Ce dossier décrit la face cachée du monde du livre dans 19 pays : Burkina Faso, Bénin, Côte d’Ivoire, Mali, Niger, Sénégal, Togo, Guinée Conakry, Cameroun, Gabon, République du Congo (Brazzaville), République démocratique du Congo (Kinshasa), République Centrafricaine, Tchad, Rwanda, Burundi, Djibouti, Madagascar et Maurice (certains pays font l’objet d’analyses partielles). De brefs coups de projecteurs éclairent le lecteur de la situation des autres pays d’Afrique, notamment de l’Est et du Sud.

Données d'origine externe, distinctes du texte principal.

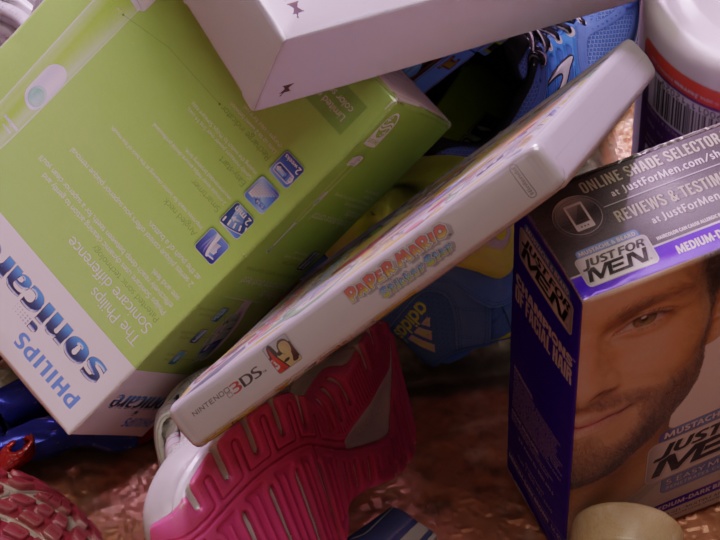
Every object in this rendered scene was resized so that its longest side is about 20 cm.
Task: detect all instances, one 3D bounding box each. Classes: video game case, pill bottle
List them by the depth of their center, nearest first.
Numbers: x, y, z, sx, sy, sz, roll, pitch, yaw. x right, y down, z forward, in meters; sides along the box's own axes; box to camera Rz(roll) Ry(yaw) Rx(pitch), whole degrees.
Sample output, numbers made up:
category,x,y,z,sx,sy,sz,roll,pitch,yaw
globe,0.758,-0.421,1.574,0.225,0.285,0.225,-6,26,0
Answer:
category,x,y,z,sx,sy,sz,roll,pitch,yaw
video game case,0.025,-0.016,1.056,0.023,0.182,0.200,52,22,-4
pill bottle,0.178,-0.059,1.200,0.111,0.200,0.112,-1,51,2

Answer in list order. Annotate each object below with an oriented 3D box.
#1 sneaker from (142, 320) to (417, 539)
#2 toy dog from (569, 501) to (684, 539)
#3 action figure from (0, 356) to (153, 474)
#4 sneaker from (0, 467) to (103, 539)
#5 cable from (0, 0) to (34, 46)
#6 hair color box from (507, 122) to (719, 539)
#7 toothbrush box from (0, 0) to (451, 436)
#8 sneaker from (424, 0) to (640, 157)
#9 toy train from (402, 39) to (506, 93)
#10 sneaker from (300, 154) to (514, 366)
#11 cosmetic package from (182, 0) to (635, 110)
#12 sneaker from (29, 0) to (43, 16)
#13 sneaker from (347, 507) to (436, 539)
category,x,y,z,sx,sy,sz,roll,pitch,yaw
sneaker,-0.048,0.083,1.112,0.088,0.082,0.200,-9,10,24
toy dog,0.166,0.142,1.097,0.199,0.096,0.132,-10,63,-3
action figure,-0.166,0.072,1.214,0.200,0.052,0.066,-20,57,-10
sneaker,-0.183,0.160,1.129,0.081,0.075,0.200,35,45,7
cable,-0.205,-0.091,1.335,0.199,0.069,0.200,12,52,11
hair color box,0.124,0.033,1.127,0.109,0.200,0.065,-21,53,-13
toothbrush box,-0.086,-0.048,1.136,0.200,0.086,0.146,-45,74,9
sneaker,0.081,-0.101,1.312,0.078,0.089,0.200,24,56,20
toy train,0.010,-0.118,1.217,0.200,0.114,0.087,-38,74,11
sneaker,0.000,0.000,1.251,0.076,0.105,0.200,-40,29,-30
cosmetic package,0.008,-0.158,1.092,0.200,0.052,0.151,-19,66,-31
sneaker,-0.113,-0.071,1.242,0.099,0.071,0.201,11,86,-10
sneaker,-0.063,0.158,1.113,0.115,0.081,0.199,34,61,24
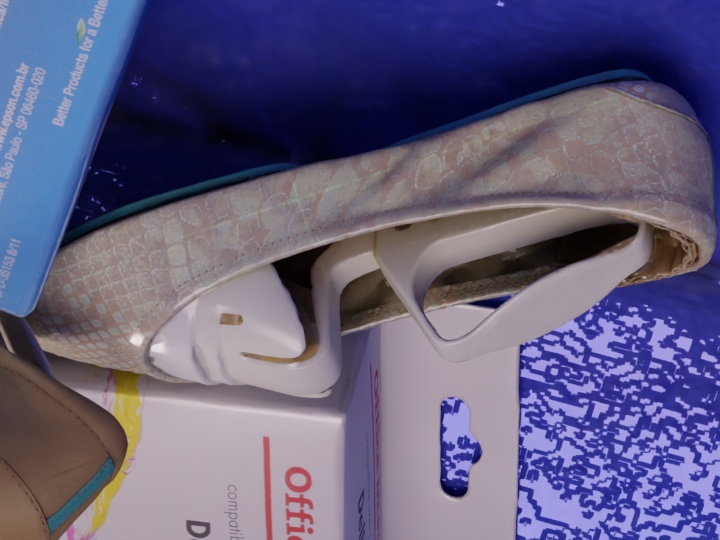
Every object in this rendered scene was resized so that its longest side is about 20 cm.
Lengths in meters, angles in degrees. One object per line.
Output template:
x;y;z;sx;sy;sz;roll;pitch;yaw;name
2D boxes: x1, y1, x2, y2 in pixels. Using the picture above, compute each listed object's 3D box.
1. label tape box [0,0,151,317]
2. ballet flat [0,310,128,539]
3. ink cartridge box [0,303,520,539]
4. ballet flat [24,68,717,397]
-0.152;-0.084;0.678;0.200;0.066;0.143;21;136;-6;label tape box
-0.139;0.011;0.758;0.200;0.063;0.069;41;149;28;ballet flat
-0.055;0.064;0.825;0.200;0.067;0.117;5;124;9;ink cartridge box
0.000;0.000;0.741;0.200;0.062;0.067;-18;150;8;ballet flat
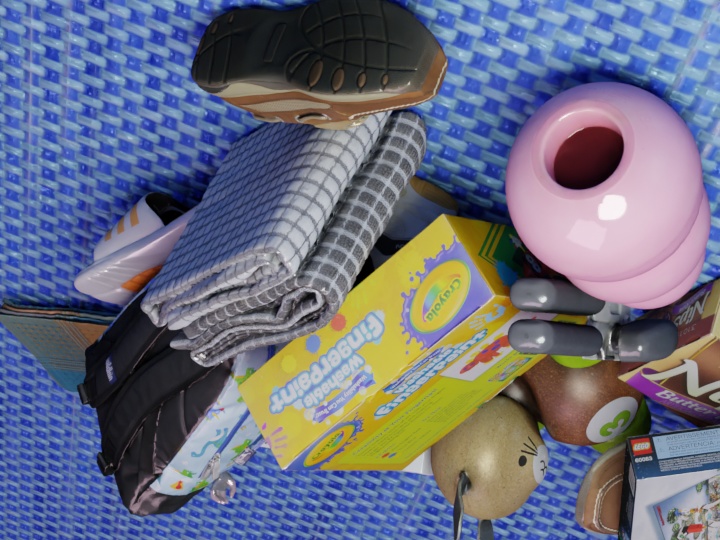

Nous essayons de faire émerger les causes plutôt que les conséquences de ce soi-disant non développement du livre édité en Afrique. Car l’édition africaine existe, malgré des contextes nationaux et internationaux souvent hostiles du point de vue des politiques menées. Les lecteurs et lectrices sont de plus en plus nombreux et demandeurs de livres à un prix d’achat correspondant à leur niveau de vie. La demande dépasse l’offre.
Plus nous avancions dans nos recherches, plus la réalité complexe de ce monde nous est apparue durement. Nous, passionnées du livre, avions la prétention de raconter cette histoire actuelle, mais le passé est venu nous raconter la sienne violemment. Nous demandons donc aux lecteurs leur indulgence car tout ne peut être dit en 150 pages et seulement trois mois de travail.
Nous avons essayé d’être » objectifs » même si parfois le découragement, la colère, l’incompréhension ou l’enthousiasme nous guettaient. Nous n’avons pas eu le temps de parler du livre dans certains pays d’Afrique, ni de l’édition en langue arabe, et de bien d’autres sujets encore, comme par exemple l’histoire du livre (4) sur ce continent, et nous le regrettons. Si bien que comme l’a écrit un de mes amis : » Il n’y aura jamais de dernier mot
« .
1. Paroles de liberté en terres d’Islam, éditions Charles Léopold Mayer, éditions de l’Atelier, 2002.
2. Référence à l’ouvrage de Jean-Yves Mollier Où va le livre ?, La Dispute, 2002. Cet ouvrage dresse le portrait de la France du livre et des médias, dénonce les dangers de la concentration dans le secteur du livre, attire l’attention sur la disparition des moyennes maisons d’éditions, donne des chemins de traverse à explorer, remet en questions un système qui transforme nos cultures en marchandises
3. Cf. (disponible en français et en anglais) : Pour le développement du commerce du livre à travers l’Afrique : étude des obstacles actuels et du potentiel futur, Ruth Makotsi avec Flora Musonda, APNET, ADEA (Association pour le développement de l’Education en Afrique, groupe de travail sur les livres et le matériel éducatif), 2002.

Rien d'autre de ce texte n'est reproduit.